Prejudicial European Justice?

Dr. M. Elvira Méndez-Pinedo writes: “Whatever the reason or the economic or political arguments, it can be observed now that this lacuna or gap in the EEA Agreement, together with the legal uncertainties of EU banking and financial law, has been extremely prejudicial for Iceland. Icelandic citizens do not have access to justice to the ECJ either. In EU law, any country could start an infringement case or simply take the issue of the interpretation of the State liability deriving from Directive 94/19/EC and the principle of non-discrimination before the ECJ. Iceland, on the other hand, seems to have accepted the principle of State liability and nationalisation of private debt of banking entities abroad without being entitled in the subsequent Icesave agreements to proper judicial and independent review of its legal arguments.”

Icesave – Iceland. The Icesave agreements and other national measures in response of the financial crisis: Revisiting the principles of State liability, State aid and non-discrimination in European law

Dr. Gunnar Tomasson (The Gang of 8 ) refers to “Odious Debt”: „In international law, odious debt is a legal theory which holds that the national debt incurred by a regime for purposes that do not serve the best interests of the nation, such as wars of aggression, should not be enforceable. Such debts are thus considered by this doctrine to be personal debts of the regime that incurred them and not debts of the state.

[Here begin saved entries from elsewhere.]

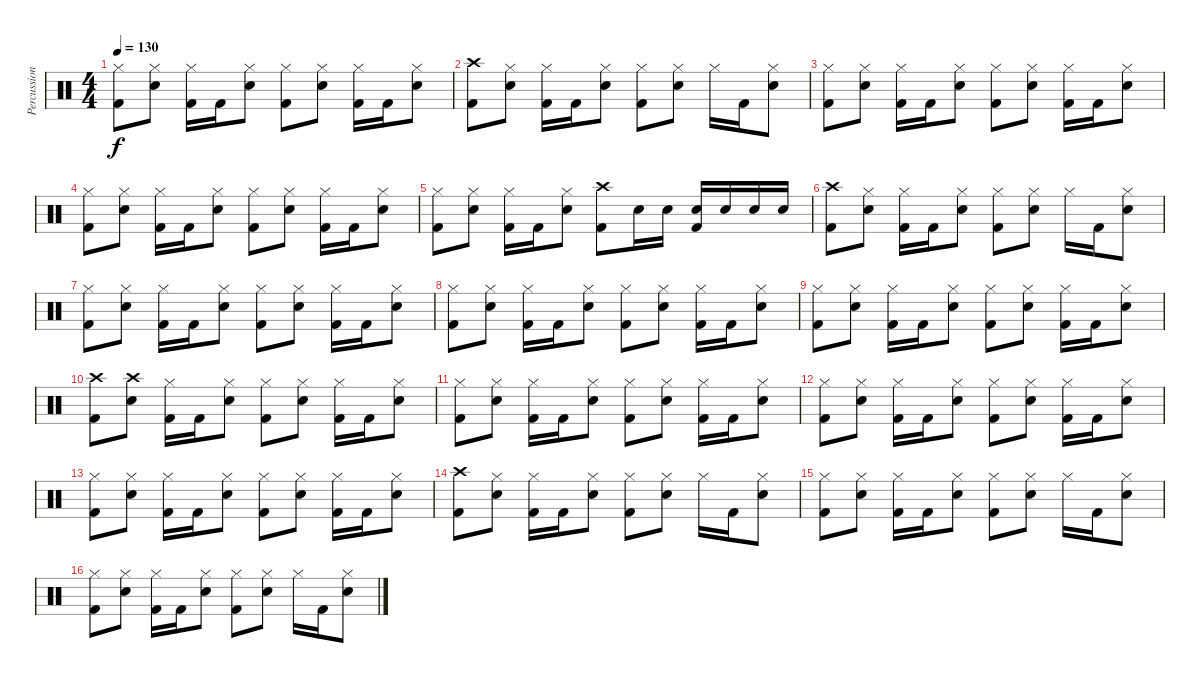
\track ("Percussion" "Percussion") {instrument percussion}
\staff {score}
\articulation defaults
\ts (4 4)
\tempo 130
\clef neutral
\ks c
("Hi-Hat (closed)" "Kick (hit) 2").8{dy f} ("Hi-Hat (closed)" "Electric Snare (hit)").8 ("Hi-Hat (closed)" "Kick (hit) 2").16 "Kick (hit) 2".16 ("Hi-Hat (closed)" "Electric Snare (hit)").8 ("Hi-Hat (closed)" "Kick (hit) 2").8 ("Hi-Hat (closed)" "Electric Snare (hit)").8 ("Hi-Hat (closed)" "Kick (hit) 2").16 "Kick (hit) 2".16 ("Hi-Hat (closed)" "Electric Snare (hit)").8 |
("Crash high (hit)" "Kick (hit) 2").8 ("Hi-Hat (closed)" "Electric Snare (hit)").8 ("Hi-Hat (closed)" "Kick (hit) 2").16 "Kick (hit) 2".16 ("Hi-Hat (closed)" "Electric Snare (hit)").8 ("Hi-Hat (closed)" "Kick (hit) 2").8 ("Hi-Hat (closed)" "Electric Snare (hit)").8 "Hi-Hat (closed)".16 "Kick (hit) 2".16 ("Hi-Hat (closed)" "Electric Snare (hit)").8 |
("Hi-Hat (closed)" "Kick (hit) 2").8 ("Hi-Hat (closed)" "Electric Snare (hit)").8 ("Hi-Hat (closed)" "Kick (hit) 2").16 "Kick (hit) 2".16 ("Hi-Hat (closed)" "Electric Snare (hit)").8 ("Hi-Hat (closed)" "Kick (hit) 2").8 ("Hi-Hat (closed)" "Electric Snare (hit)").8 ("Hi-Hat (closed)" "Kick (hit) 2").16 "Kick (hit) 2".16 ("Hi-Hat (closed)" "Electric Snare (hit)").8 |
("Hi-Hat (closed)" "Kick (hit) 2").8 ("Hi-Hat (closed)" "Electric Snare (hit)").8 ("Hi-Hat (closed)" "Kick (hit) 2").16 "Kick (hit) 2".16 ("Hi-Hat (closed)" "Electric Snare (hit)").8 ("Hi-Hat (closed)" "Kick (hit) 2").8 ("Hi-Hat (closed)" "Electric Snare (hit)").8 ("Hi-Hat (closed)" "Kick (hit) 2").16 "Kick (hit) 2".16 ("Hi-Hat (closed)" "Electric Snare (hit)").8 |
("Hi-Hat (closed)" "Kick (hit) 2").8 ("Hi-Hat (closed)" "Electric Snare (hit)").8 ("Hi-Hat (closed)" "Kick (hit) 2").16 "Kick (hit) 2".16 ("Hi-Hat (closed)" "Electric Snare (hit)").8 ("Crash high (hit)" "Kick (hit) 2").8 "Electric Snare (hit)".16 "Electric Snare (hit)".16 ("Electric Snare (hit)" "Kick (hit) 2").16 "Electric Snare (hit)".16 "Electric Snare (hit)".16 "Electric Snare (hit)".16 |
("Crash high (hit)" "Kick (hit) 2").8 ("Hi-Hat (closed)" "Electric Snare (hit)").8 ("Hi-Hat (closed)" "Kick (hit) 2").16 "Kick (hit) 2".16 ("Hi-Hat (closed)" "Electric Snare (hit)").8 ("Hi-Hat (closed)" "Kick (hit) 2").8 ("Hi-Hat (closed)" "Electric Snare (hit)").8 "Hi-Hat (closed)".16 "Kick (hit) 2".16 ("Hi-Hat (closed)" "Electric Snare (hit)").8 |
("Hi-Hat (closed)" "Kick (hit) 2").8 ("Hi-Hat (closed)" "Electric Snare (hit)").8 ("Hi-Hat (closed)" "Kick (hit) 2").16 "Kick (hit) 2".16 ("Hi-Hat (closed)" "Electric Snare (hit)").8 ("Hi-Hat (closed)" "Kick (hit) 2").8 ("Hi-Hat (closed)" "Electric Snare (hit)").8 ("Hi-Hat (closed)" "Kick (hit) 2").16 "Kick (hit) 2".16 ("Hi-Hat (closed)" "Electric Snare (hit)").8 |
("Hi-Hat (closed)" "Kick (hit) 2").8 ("Hi-Hat (closed)" "Electric Snare (hit)").8 ("Hi-Hat (closed)" "Kick (hit) 2").16 "Kick (hit) 2".16 ("Hi-Hat (closed)" "Electric Snare (hit)").8 ("Hi-Hat (closed)" "Kick (hit) 2").8 ("Hi-Hat (closed)" "Electric Snare (hit)").8 ("Hi-Hat (closed)" "Kick (hit) 2").16 "Kick (hit) 2".16 ("Hi-Hat (closed)" "Electric Snare (hit)").8 |
("Hi-Hat (closed)" "Kick (hit) 2").8 ("Hi-Hat (closed)" "Electric Snare (hit)").8 ("Hi-Hat (closed)" "Kick (hit) 2").16 "Kick (hit) 2".16 ("Hi-Hat (closed)" "Electric Snare (hit)").8 ("Hi-Hat (closed)" "Kick (hit) 2").8 ("Hi-Hat (closed)" "Electric Snare (hit)").8 ("Hi-Hat (closed)" "Kick (hit) 2").16 "Kick (hit) 2".16 ("Hi-Hat (closed)" "Electric Snare (hit)").8 |
("Crash high (hit)" "Kick (hit) 2").8 ("Crash high (hit)" "Electric Snare (hit)").8 ("Hi-Hat (closed)" "Kick (hit) 2").16 "Kick (hit) 2".16 ("Hi-Hat (closed)" "Electric Snare (hit)").8 ("Hi-Hat (closed)" "Kick (hit) 2").8 ("Hi-Hat (closed)" "Electric Snare (hit)").8 ("Hi-Hat (closed)" "Kick (hit) 2").16 "Kick (hit) 2".16 ("Hi-Hat (closed)" "Electric Snare (hit)").8 |
("Hi-Hat (closed)" "Kick (hit) 2").8 ("Hi-Hat (closed)" "Electric Snare (hit)").8 ("Hi-Hat (closed)" "Kick (hit) 2").16 "Kick (hit) 2".16 ("Hi-Hat (closed)" "Electric Snare (hit)").8 ("Hi-Hat (closed)" "Kick (hit) 2").8 ("Hi-Hat (closed)" "Electric Snare (hit)").8 ("Hi-Hat (closed)" "Kick (hit) 2").16 "Kick (hit) 2".16 ("Hi-Hat (closed)" "Electric Snare (hit)").8 |
("Hi-Hat (closed)" "Kick (hit) 2").8 ("Hi-Hat (closed)" "Electric Snare (hit)").8 ("Hi-Hat (closed)" "Kick (hit) 2").16 "Kick (hit) 2".16 ("Hi-Hat (closed)" "Electric Snare (hit)").8 ("Hi-Hat (closed)" "Kick (hit) 2").8 ("Hi-Hat (closed)" "Electric Snare (hit)").8 ("Hi-Hat (closed)" "Kick (hit) 2").16 "Kick (hit) 2".16 ("Hi-Hat (closed)" "Electric Snare (hit)").8 |
("Hi-Hat (closed)" "Kick (hit) 2").8 ("Hi-Hat (closed)" "Electric Snare (hit)").8 ("Hi-Hat (closed)" "Kick (hit) 2").16 "Kick (hit) 2".16 ("Hi-Hat (closed)" "Electric Snare (hit)").8 ("Hi-Hat (closed)" "Kick (hit) 2").8 ("Hi-Hat (closed)" "Electric Snare (hit)").8 ("Hi-Hat (closed)" "Kick (hit) 2").16 "Kick (hit) 2".16 ("Hi-Hat (closed)" "Electric Snare (hit)").8 |
("Crash high (hit)" "Kick (hit) 2").8 ("Hi-Hat (closed)" "Electric Snare (hit)").8 ("Hi-Hat (closed)" "Kick (hit) 2").16 "Kick (hit) 2".16 ("Hi-Hat (closed)" "Electric Snare (hit)").8 ("Hi-Hat (closed)" "Kick (hit) 2").8 ("Hi-Hat (closed)" "Electric Snare (hit)").8 "Hi-Hat (closed)".16 "Kick (hit) 2".16 ("Hi-Hat (closed)" "Electric Snare (hit)").8 |
("Hi-Hat (closed)" "Kick (hit) 2").8 ("Hi-Hat (closed)" "Electric Snare (hit)").8 ("Hi-Hat (closed)" "Kick (hit) 2").16 "Kick (hit) 2".16 ("Hi-Hat (closed)" "Electric Snare (hit)").8 ("Hi-Hat (closed)" "Kick (hit) 2").8 ("Hi-Hat (closed)" "Electric Snare (hit)").8 "Hi-Hat (closed)".16 "Kick (hit) 2".16 ("Hi-Hat (closed)" "Electric Snare (hit)").8 |
("Hi-Hat (closed)" "Kick (hit) 2").8 ("Hi-Hat (closed)" "Electric Snare (hit)").8 ("Hi-Hat (closed)" "Kick (hit) 2").16 "Kick (hit) 2".16 ("Hi-Hat (closed)" "Electric Snare (hit)").8 ("Hi-Hat (closed)" "Kick (hit) 2").8 ("Hi-Hat (closed)" "Electric Snare (hit)").8 "Hi-Hat (closed)".16 "Kick (hit) 2".16 ("Hi-Hat (closed)" "Electric Snare (hit)").8

In some respects, the concept is analogous to the invalidity of contracts signed under coercion.”

In The Dilemma of Odious Debts; Lee C. Buchheit, G. Mitu Gulati and Robert B. Thompson (pdf) write: “The prospect of yoking innocent generations of citizens to the repayment of any Profligate Debt causes an audible grinding of the moral teeth; the prospect of forcing this result on people who have already been victimized by a corrupt and despotic regime is even more distasteful.”